* **RECORDS SHOWN**:
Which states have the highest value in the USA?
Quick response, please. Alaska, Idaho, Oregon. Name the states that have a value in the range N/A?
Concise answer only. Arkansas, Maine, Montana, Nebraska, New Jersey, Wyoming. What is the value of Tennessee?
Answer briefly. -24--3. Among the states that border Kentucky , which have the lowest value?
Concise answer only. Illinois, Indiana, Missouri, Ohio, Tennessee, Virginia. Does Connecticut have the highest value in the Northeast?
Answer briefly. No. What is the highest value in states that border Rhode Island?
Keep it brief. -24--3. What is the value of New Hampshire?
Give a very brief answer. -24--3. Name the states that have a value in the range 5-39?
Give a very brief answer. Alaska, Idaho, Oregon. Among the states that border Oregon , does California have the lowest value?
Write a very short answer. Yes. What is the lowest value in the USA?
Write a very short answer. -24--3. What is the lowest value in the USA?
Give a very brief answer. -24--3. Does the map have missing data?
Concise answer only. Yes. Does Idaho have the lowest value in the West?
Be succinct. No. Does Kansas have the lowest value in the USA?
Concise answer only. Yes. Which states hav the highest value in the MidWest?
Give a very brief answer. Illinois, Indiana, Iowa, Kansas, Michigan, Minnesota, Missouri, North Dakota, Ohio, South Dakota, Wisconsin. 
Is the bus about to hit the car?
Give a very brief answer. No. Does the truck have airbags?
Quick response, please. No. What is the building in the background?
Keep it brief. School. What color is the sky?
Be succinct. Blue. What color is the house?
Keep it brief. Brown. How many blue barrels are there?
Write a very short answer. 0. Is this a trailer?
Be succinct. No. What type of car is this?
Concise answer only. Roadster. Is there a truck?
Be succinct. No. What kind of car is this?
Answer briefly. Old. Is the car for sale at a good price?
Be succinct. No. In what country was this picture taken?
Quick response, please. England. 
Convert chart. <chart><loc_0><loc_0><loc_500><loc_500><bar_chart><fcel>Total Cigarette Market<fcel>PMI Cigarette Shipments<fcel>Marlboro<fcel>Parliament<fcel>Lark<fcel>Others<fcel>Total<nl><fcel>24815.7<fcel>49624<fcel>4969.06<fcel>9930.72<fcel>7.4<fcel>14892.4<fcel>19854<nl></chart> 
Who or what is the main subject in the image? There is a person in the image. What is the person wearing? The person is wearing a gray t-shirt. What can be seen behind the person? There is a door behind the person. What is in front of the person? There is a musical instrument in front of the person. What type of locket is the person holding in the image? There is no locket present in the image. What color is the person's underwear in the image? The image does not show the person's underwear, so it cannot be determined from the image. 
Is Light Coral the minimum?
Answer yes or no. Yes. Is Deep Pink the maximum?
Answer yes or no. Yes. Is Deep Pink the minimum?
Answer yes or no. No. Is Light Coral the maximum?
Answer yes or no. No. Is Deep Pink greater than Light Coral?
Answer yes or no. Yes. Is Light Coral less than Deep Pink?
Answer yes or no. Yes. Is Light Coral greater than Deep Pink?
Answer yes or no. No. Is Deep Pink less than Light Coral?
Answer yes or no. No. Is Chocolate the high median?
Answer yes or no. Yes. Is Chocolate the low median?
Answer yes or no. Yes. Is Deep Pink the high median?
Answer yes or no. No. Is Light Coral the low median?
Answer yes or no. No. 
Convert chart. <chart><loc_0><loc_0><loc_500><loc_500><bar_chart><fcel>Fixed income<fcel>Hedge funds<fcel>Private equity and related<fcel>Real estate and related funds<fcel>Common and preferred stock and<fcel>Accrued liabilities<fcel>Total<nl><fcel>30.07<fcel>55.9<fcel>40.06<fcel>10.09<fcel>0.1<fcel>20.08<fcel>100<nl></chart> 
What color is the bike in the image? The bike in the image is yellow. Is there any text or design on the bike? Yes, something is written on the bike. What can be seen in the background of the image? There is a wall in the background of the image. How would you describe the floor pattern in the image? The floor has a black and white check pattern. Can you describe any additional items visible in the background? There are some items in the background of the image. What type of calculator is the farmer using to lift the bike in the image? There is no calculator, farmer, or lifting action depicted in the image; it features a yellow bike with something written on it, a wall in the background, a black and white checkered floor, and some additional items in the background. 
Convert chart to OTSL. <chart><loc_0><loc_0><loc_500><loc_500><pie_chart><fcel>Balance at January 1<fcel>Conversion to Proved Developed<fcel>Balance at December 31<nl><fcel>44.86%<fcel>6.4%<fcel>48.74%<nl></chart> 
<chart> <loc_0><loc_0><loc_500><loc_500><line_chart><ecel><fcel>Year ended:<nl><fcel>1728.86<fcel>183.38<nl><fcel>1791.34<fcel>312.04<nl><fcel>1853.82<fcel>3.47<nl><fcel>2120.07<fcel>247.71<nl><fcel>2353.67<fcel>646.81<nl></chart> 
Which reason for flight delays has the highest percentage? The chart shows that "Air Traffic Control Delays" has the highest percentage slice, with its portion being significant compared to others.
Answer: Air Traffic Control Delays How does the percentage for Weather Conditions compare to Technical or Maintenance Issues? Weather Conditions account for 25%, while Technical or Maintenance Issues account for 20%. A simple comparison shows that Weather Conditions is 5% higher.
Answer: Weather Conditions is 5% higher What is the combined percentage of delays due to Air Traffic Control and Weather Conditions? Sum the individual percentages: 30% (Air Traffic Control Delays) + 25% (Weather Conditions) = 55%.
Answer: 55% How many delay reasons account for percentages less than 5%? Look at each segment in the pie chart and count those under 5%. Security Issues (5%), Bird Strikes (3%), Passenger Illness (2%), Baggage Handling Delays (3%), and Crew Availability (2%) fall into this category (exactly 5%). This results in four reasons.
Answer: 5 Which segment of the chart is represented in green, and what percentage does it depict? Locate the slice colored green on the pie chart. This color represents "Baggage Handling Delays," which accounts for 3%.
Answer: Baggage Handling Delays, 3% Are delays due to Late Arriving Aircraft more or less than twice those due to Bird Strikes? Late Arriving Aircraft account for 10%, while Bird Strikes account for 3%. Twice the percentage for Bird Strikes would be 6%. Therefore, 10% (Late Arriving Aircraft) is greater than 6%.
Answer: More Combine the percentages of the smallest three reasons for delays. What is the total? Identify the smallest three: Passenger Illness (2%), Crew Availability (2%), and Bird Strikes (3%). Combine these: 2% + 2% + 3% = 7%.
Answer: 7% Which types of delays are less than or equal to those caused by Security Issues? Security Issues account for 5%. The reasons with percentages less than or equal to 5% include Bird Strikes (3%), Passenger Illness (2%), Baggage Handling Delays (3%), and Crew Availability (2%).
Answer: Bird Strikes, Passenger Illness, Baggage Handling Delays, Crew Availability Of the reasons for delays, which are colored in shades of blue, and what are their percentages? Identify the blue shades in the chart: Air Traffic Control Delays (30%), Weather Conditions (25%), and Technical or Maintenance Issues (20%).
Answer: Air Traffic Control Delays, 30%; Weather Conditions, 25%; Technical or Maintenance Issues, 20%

* **EXERCISE GOAL**: Everything in the material above from the line that has "Answer briefly. No." through the line that has "Write a very short answer. Yes." must be duplicated exactly, with no other lines given.

* **RESULT**:
Answer briefly. No. What is the highest value in states that border Rhode Island?
Keep it brief. -24--3. What is the value of New Hampshire?
Give a very brief answer. -24--3. Name the states that have a value in the range 5-39?
Give a very brief answer. Alaska, Idaho, Oregon. Among the states that border Oregon , does California have the lowest value?
Write a very short answer. Yes. What is the lowest value in the USA?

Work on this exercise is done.